**Source data:**
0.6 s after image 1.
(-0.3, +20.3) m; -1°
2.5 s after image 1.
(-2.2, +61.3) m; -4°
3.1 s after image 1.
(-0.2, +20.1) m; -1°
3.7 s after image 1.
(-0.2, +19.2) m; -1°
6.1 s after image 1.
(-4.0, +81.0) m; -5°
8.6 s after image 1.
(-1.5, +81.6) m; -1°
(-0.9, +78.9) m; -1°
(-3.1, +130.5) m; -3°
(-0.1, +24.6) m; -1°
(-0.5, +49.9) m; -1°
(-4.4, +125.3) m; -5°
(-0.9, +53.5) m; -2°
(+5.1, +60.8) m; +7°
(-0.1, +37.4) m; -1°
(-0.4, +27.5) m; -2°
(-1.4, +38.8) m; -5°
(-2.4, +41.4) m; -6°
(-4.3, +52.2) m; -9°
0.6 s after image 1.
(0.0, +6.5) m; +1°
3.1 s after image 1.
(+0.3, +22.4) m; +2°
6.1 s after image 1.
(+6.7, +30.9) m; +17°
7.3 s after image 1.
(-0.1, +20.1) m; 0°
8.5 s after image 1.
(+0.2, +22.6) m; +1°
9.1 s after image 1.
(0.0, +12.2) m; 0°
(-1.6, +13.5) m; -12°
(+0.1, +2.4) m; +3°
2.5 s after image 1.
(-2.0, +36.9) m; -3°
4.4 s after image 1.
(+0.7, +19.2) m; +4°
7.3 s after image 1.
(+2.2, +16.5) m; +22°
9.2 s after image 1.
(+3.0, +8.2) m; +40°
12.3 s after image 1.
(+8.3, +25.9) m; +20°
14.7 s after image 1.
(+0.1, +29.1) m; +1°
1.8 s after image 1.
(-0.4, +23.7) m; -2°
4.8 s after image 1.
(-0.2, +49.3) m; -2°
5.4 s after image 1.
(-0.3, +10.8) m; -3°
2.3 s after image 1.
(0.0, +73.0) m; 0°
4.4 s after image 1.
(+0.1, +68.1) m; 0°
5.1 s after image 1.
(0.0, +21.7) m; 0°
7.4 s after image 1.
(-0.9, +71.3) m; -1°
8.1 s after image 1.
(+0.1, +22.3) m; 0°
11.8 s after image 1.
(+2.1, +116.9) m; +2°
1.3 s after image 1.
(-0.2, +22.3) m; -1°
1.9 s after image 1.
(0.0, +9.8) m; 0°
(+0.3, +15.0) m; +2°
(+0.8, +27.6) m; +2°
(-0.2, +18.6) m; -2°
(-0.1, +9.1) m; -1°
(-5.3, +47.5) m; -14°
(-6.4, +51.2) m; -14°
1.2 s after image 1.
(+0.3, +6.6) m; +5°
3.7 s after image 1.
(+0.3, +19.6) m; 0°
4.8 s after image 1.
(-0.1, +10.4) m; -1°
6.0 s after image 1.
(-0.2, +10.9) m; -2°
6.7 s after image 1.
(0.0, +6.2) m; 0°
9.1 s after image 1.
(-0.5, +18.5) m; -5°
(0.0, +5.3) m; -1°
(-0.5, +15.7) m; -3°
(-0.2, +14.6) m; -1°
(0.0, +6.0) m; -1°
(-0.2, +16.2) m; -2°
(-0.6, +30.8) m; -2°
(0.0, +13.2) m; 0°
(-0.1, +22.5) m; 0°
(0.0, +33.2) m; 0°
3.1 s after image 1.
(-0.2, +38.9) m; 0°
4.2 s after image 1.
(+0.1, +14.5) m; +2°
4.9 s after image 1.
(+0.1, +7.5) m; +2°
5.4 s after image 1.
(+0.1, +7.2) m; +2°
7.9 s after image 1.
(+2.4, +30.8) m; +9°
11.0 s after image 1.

**Exercise requirements:** Each record must be transcribed word for word.

**Solution to the problem:**
0.6 s after image 1.
(-0.3, +20.3) m; -1°
2.5 s after image 1.
(-2.2, +61.3) m; -4°
3.1 s after image 1.
(-0.2, +20.1) m; -1°
3.7 s after image 1.
(-0.2, +19.2) m; -1°
6.1 s after image 1.
(-4.0, +81.0) m; -5°
8.6 s after image 1.
(-1.5, +81.6) m; -1°
(-0.9, +78.9) m; -1°
(-3.1, +130.5) m; -3°
(-0.1, +24.6) m; -1°
(-0.5, +49.9) m; -1°
(-4.4, +125.3) m; -5°
(-0.9, +53.5) m; -2°
(+5.1, +60.8) m; +7°
(-0.1, +37.4) m; -1°
(-0.4, +27.5) m; -2°
(-1.4, +38.8) m; -5°
(-2.4, +41.4) m; -6°
(-4.3, +52.2) m; -9°
0.6 s after image 1.
(0.0, +6.5) m; +1°
3.1 s after image 1.
(+0.3, +22.4) m; +2°
6.1 s after image 1.
(+6.7, +30.9) m; +17°
7.3 s after image 1.
(-0.1, +20.1) m; 0°
8.5 s after image 1.
(+0.2, +22.6) m; +1°
9.1 s after image 1.
(0.0, +12.2) m; 0°
(-1.6, +13.5) m; -12°
(+0.1, +2.4) m; +3°
2.5 s after image 1.
(-2.0, +36.9) m; -3°
4.4 s after image 1.
(+0.7, +19.2) m; +4°
7.3 s after image 1.
(+2.2, +16.5) m; +22°
9.2 s after image 1.
(+3.0, +8.2) m; +40°
12.3 s after image 1.
(+8.3, +25.9) m; +20°
14.7 s after image 1.
(+0.1, +29.1) m; +1°
1.8 s after image 1.
(-0.4, +23.7) m; -2°
4.8 s after image 1.
(-0.2, +49.3) m; -2°
5.4 s after image 1.
(-0.3, +10.8) m; -3°
2.3 s after image 1.
(0.0, +73.0) m; 0°
4.4 s after image 1.
(+0.1, +68.1) m; 0°
5.1 s after image 1.
(0.0, +21.7) m; 0°
7.4 s after image 1.
(-0.9, +71.3) m; -1°
8.1 s after image 1.
(+0.1, +22.3) m; 0°
11.8 s after image 1.
(+2.1, +116.9) m; +2°
1.3 s after image 1.
(-0.2, +22.3) m; -1°
1.9 s after image 1.
(0.0, +9.8) m; 0°
(+0.3, +15.0) m; +2°
(+0.8, +27.6) m; +2°
(-0.2, +18.6) m; -2°
(-0.1, +9.1) m; -1°
(-5.3, +47.5) m; -14°
(-6.4, +51.2) m; -14°
1.2 s after image 1.
(+0.3, +6.6) m; +5°
3.7 s after image 1.
(+0.3, +19.6) m; 0°
4.8 s after image 1.
(-0.1, +10.4) m; -1°
6.0 s after image 1.
(-0.2, +10.9) m; -2°
6.7 s after image 1.
(0.0, +6.2) m; 0°
9.1 s after image 1.
(-0.5, +18.5) m; -5°
(0.0, +5.3) m; -1°
(-0.5, +15.7) m; -3°
(-0.2, +14.6) m; -1°
(0.0, +6.0) m; -1°
(-0.2, +16.2) m; -2°
(-0.6, +30.8) m; -2°
(0.0, +13.2) m; 0°
(-0.1, +22.5) m; 0°
(0.0, +33.2) m; 0°
3.1 s after image 1.
(-0.2, +38.9) m; 0°
4.2 s after image 1.
(+0.1, +14.5) m; +2°
4.9 s after image 1.
(+0.1, +7.5) m; +2°
5.4 s after image 1.
(+0.1, +7.2) m; +2°
7.9 s after image 1.
(+2.4, +30.8) m; +9°
11.0 s after image 1.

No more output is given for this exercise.